▶ _DIRECTIONS_:
Out of the lines below, please list those that hold the string "politie".

(Collection entries)
⟨
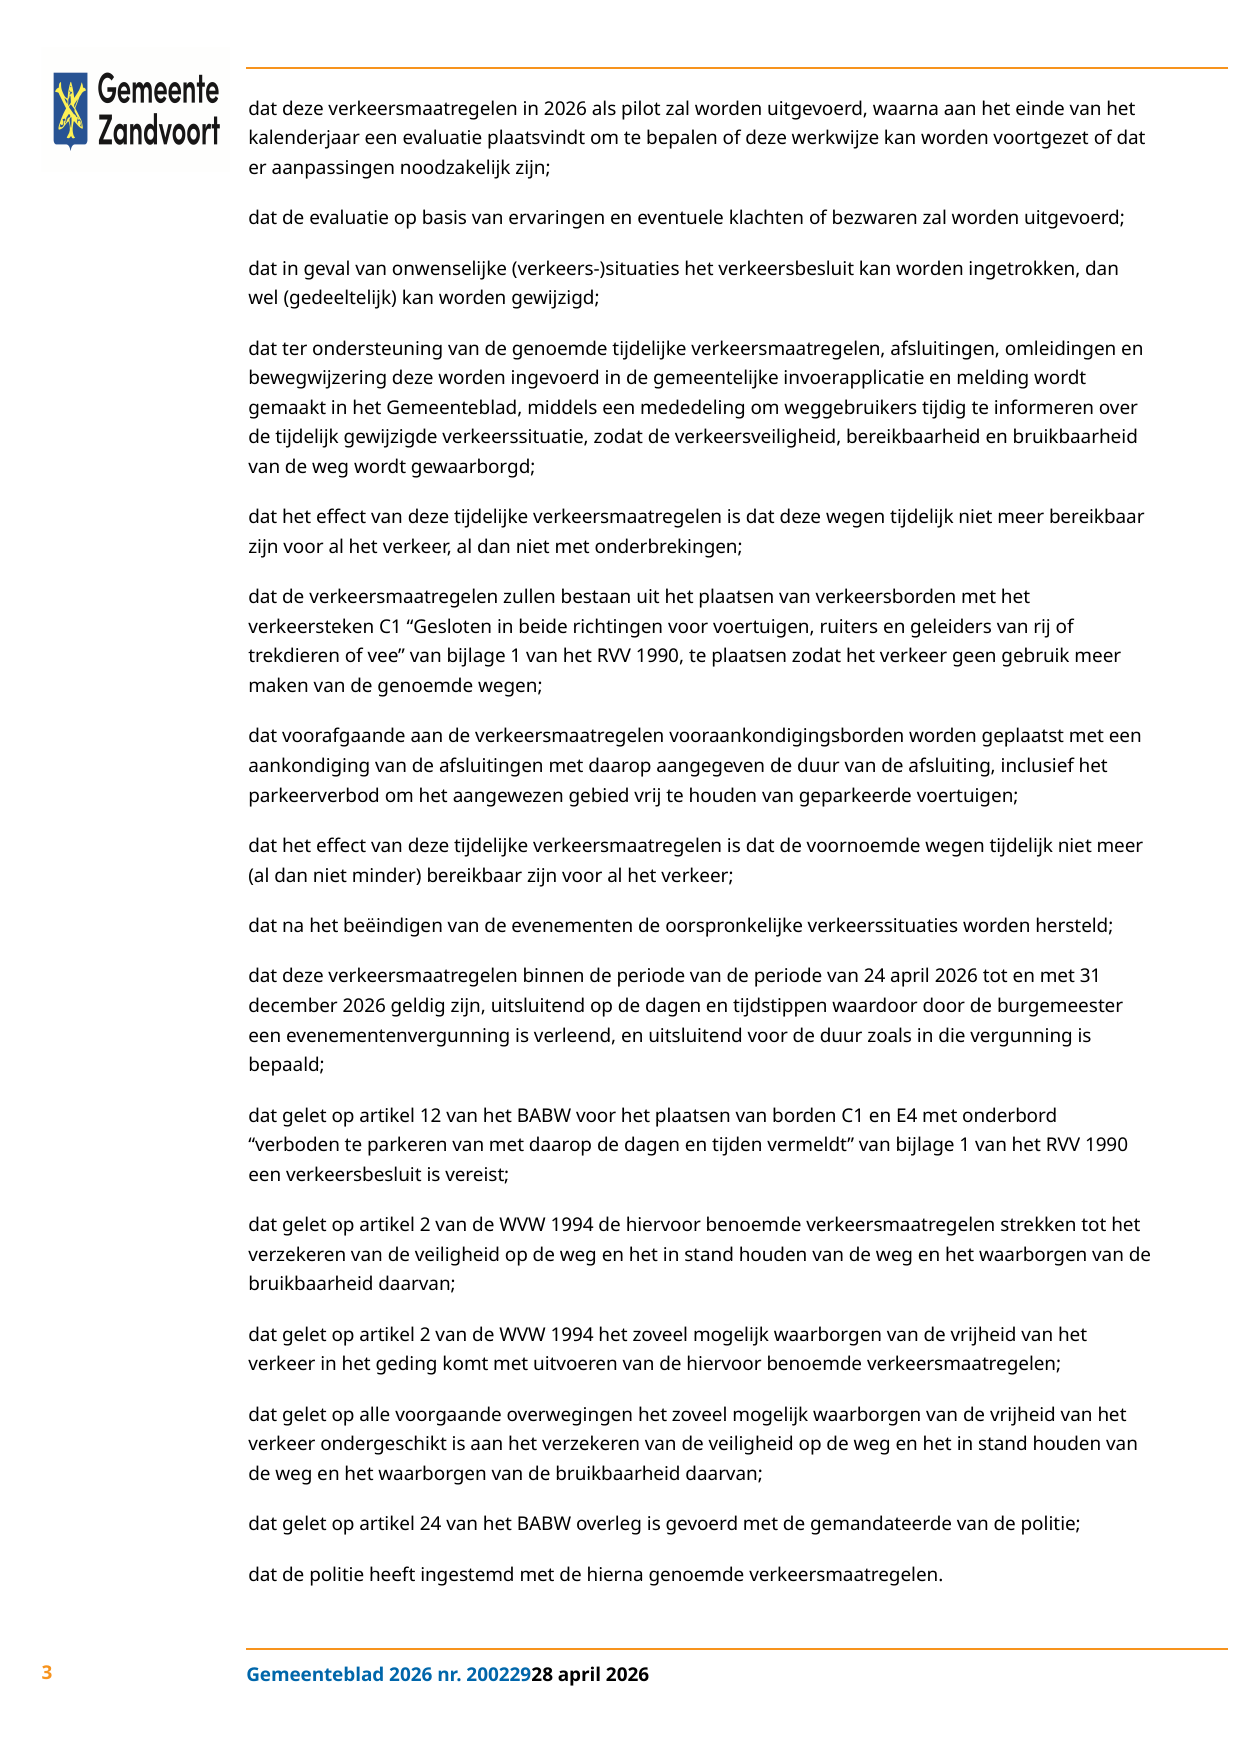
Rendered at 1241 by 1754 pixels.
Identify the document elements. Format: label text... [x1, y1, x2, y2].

text dat in geval van onwenselijke (verkeers-)situaties het verkeersbesluit kan worden ingetrokken, dan wel (gedeeltelijk) kan worden gewijzigd; [248, 255, 1152, 310]
text dat deze verkeersmaatregelen binnen de periode van de periode van 24 april 2026 tot en met 31 december 2026 geldig zijn, uitsluitend op de dagen en tijdstippen waardoor door de burgemeester een evenementenvergunning is verleend, en uitsluitend voor de duur zoals in die vergunning is bepaald; [248, 963, 1152, 1077]
text dat het effect van deze tijdelijke verkeersmaatregelen is dat de voornoemde wegen tijdelijk niet meer (al dan niet minder) bereikbaar zijn voor al het verkeer; [248, 832, 1152, 888]
text dat deze verkeersmaatregelen in 2026 als pilot zal worden uitgevoerd, waarna aan het einde van het kalenderjaar een evaluatie plaatsvindt om te bepalen of deze werkwijze kan worden voortgezet of dat er aanpassingen noodzakelijk zijn; [248, 95, 1152, 180]
text dat voorafgaande aan de verkeersmaatregelen vooraankondigingsborden worden geplaatst met een aankondiging van de afsluitingen met daarop aangegeven de duur van de afsluiting, inclusief het parkeerverbod om het aangewezen gebied vrij te houden van geparkeerde voertuigen; [248, 723, 1152, 808]
text dat ter ondersteuning van de genoemde tijdelijke verkeersmaatregelen, afsluitingen, omleidingen en bewegwijzering deze worden ingevoerd in de gemeentelijke invoerapplicatie en melding wordt gemaakt in het Gemeenteblad, middels een mededeling om weggebruikers tijdig te informeren over de tijdelijk gewijzigde verkeerssituatie, zodat de verkeersveiligheid, bereikbaarheid en bruikbaarheid van de weg wordt gewaarborgd; [248, 335, 1152, 479]
text dat gelet op alle voorgaande overwegingen het zoveel mogelijk waarborgen van de vrijheid van het verkeer ondergeschikt is aan het verzekeren van de veiligheid op de weg en het in stand houden van de weg en het waarborgen van de bruikbaarheid daarvan; [248, 1401, 1152, 1486]
text dat gelet op artikel 2 van de WVW 1994 de hiervoor benoemde verkeersmaatregelen strekken tot het verzekeren van de veiligheid op de weg en het in stand houden van de weg en het waarborgen van de bruikbaarheid daarvan; [248, 1211, 1152, 1296]
text dat gelet op artikel 12 van het BABW voor het plaatsen van borden C1 en E4 met onderbord “verboden te parkeren van met daarop de dagen en tijden vermeldt” van bijlage 1 van het RVV 1990 een verkeersbesluit is vereist; [248, 1102, 1152, 1187]
text dat na het beëindigen van de evenementen de oorspronkelijke verkeerssituaties worden hersteld; [248, 912, 1152, 938]
text dat het effect van deze tijdelijke verkeersmaatregelen is dat deze wegen tijdelijk niet meer bereikbaar zijn voor al het verkeer, al dan niet met onderbrekingen; [248, 503, 1152, 559]
text dat de verkeersmaatregelen zullen bestaan uit het plaatsen van verkeersborden met het verkeersteken C1 “Gesloten in beide richtingen voor voertuigen, ruiters en geleiders van rij of trekdieren of vee” van bijlage 1 van het RVV 1990, te plaatsen zodat het verkeer geen gebruik meer maken van de genoemde wegen; [248, 583, 1152, 698]
text dat gelet op artikel 24 van het BABW overleg is gevoerd met de gemandateerde van de politie; [248, 1511, 1152, 1536]
text dat de evaluatie op basis van ervaringen en eventuele klachten of bezwaren zal worden uitgevoerd; [248, 204, 1152, 230]
text dat gelet op artikel 2 van de WVW 1994 het zoveel mogelijk waarborgen van de vrijheid van het verkeer in het geding komt met uitvoeren van de hiervoor benoemde verkeersmaatregelen; [248, 1321, 1152, 1376]
picture [41, 47, 231, 172]
text dat de politie heeft ingestemd met de hierna genoemde verkeersmaatregelen. [248, 1561, 1152, 1587]
⟩
▶ _ANSWER TO THIS TASK_:
text dat gelet op artikel 24 van het BABW overleg is gevoerd met de gemandateerde van de politie; [248, 1511, 1152, 1536]
text dat de politie heeft ingestemd met de hierna genoemde verkeersmaatregelen. [248, 1561, 1152, 1587]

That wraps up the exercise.